In one of the most remarkable exhibitions of climbing and descending seen in the modern Tour de France, Tom Pidcock set out his stall as a future contender by becoming the youngest-ever stage winner at Alpe d’Huez.

As the Olympic gold medallist rode to a memorable win on the famous hairpins, the defending champion, Tadej Pogacar of UAE Team Emirates, began his fightback against the race leader, Jumbo-Visma’s Jonas Vingegaard, although the Slovenian was unable to make any impact and is 2min 22sec behind in second.

Pidcock, who had been badgering his Ineos Grenadiers’ team management for a free role, descended at 100km/h and climbed the 21 hairpins of the legendary ascent to the Alpe faster than his breakaway companions to stamp his mark on this year’s Tour.

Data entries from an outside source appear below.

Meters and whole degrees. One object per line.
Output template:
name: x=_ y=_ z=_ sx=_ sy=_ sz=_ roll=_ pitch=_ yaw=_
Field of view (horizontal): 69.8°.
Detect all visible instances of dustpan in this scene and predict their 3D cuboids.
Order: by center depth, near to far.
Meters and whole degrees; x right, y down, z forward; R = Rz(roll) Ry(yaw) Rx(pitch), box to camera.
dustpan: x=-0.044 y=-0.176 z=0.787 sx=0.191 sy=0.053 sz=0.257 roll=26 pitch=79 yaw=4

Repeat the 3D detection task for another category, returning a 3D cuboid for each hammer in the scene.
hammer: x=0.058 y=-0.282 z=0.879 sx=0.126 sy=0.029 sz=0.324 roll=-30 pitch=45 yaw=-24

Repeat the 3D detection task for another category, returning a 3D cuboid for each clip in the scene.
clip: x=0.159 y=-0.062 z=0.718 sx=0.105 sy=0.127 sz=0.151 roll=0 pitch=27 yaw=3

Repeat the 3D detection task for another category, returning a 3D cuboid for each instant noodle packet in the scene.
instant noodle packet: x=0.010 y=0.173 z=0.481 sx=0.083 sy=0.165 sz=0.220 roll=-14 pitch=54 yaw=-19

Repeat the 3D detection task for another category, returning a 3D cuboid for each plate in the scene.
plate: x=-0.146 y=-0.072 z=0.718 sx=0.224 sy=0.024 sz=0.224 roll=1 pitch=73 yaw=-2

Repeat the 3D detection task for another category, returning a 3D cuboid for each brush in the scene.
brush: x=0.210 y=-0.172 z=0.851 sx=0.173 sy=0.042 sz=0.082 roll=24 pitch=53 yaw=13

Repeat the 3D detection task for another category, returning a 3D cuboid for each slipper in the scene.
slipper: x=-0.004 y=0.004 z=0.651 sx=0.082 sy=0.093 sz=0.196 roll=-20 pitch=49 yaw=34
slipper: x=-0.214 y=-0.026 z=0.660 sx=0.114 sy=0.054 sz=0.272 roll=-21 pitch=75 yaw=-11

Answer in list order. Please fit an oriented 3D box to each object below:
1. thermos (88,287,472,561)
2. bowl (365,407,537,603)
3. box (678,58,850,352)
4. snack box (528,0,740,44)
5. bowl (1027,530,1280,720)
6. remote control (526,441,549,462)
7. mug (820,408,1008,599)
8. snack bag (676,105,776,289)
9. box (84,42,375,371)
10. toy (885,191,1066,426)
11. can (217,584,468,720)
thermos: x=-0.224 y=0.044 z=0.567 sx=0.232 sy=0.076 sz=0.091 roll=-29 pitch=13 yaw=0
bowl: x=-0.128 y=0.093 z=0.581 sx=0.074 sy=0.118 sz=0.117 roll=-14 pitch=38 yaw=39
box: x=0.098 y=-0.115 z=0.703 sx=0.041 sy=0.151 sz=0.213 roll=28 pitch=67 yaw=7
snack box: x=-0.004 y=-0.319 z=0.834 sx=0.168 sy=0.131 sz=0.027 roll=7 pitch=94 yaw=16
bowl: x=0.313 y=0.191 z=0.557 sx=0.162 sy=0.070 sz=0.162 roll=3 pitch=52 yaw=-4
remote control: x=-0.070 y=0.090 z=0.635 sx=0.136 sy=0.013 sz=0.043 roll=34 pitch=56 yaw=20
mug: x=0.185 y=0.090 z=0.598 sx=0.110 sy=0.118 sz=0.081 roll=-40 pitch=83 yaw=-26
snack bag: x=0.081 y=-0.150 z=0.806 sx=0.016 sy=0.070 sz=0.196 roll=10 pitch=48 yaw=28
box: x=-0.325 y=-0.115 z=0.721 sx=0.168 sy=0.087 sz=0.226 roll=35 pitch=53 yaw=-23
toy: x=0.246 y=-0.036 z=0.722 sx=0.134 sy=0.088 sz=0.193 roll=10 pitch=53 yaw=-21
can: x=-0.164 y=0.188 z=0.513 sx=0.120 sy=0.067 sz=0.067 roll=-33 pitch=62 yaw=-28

“To ride up Alpe d’Huez, the most iconic finish in cycling, at the head of the race, that’s one of the best experiences of my life,” he said. Asked what his team’s plan had been at the stage start in Briançon, Pidcock responded: “To get me in the break and to try and win the stage. Box ticked, I guess.”

Champion in the Olympic Games, the mountain biking gold winner at the Tokyo Olympics, a cyclo-cross world champion and with multiple titles across cycling’s disciplines, Pidcock has long been ranked among the “Pogacar generation” of multi-talented riders such as the Slovenian himself, Mathieu van der Poel and Wout Van Aert, capable of excelling on all terrains. Even so, a dominant stage win on a course as brutal as this came as a surprise.

The 165km stage returned to the Col du Galibier, the platform for Vingegaard’s opening salvos on Pogacar’s lead during the 11th stage to the Col du Granon, where the Dane debunked Pogacar’s supposedly unbeatable status.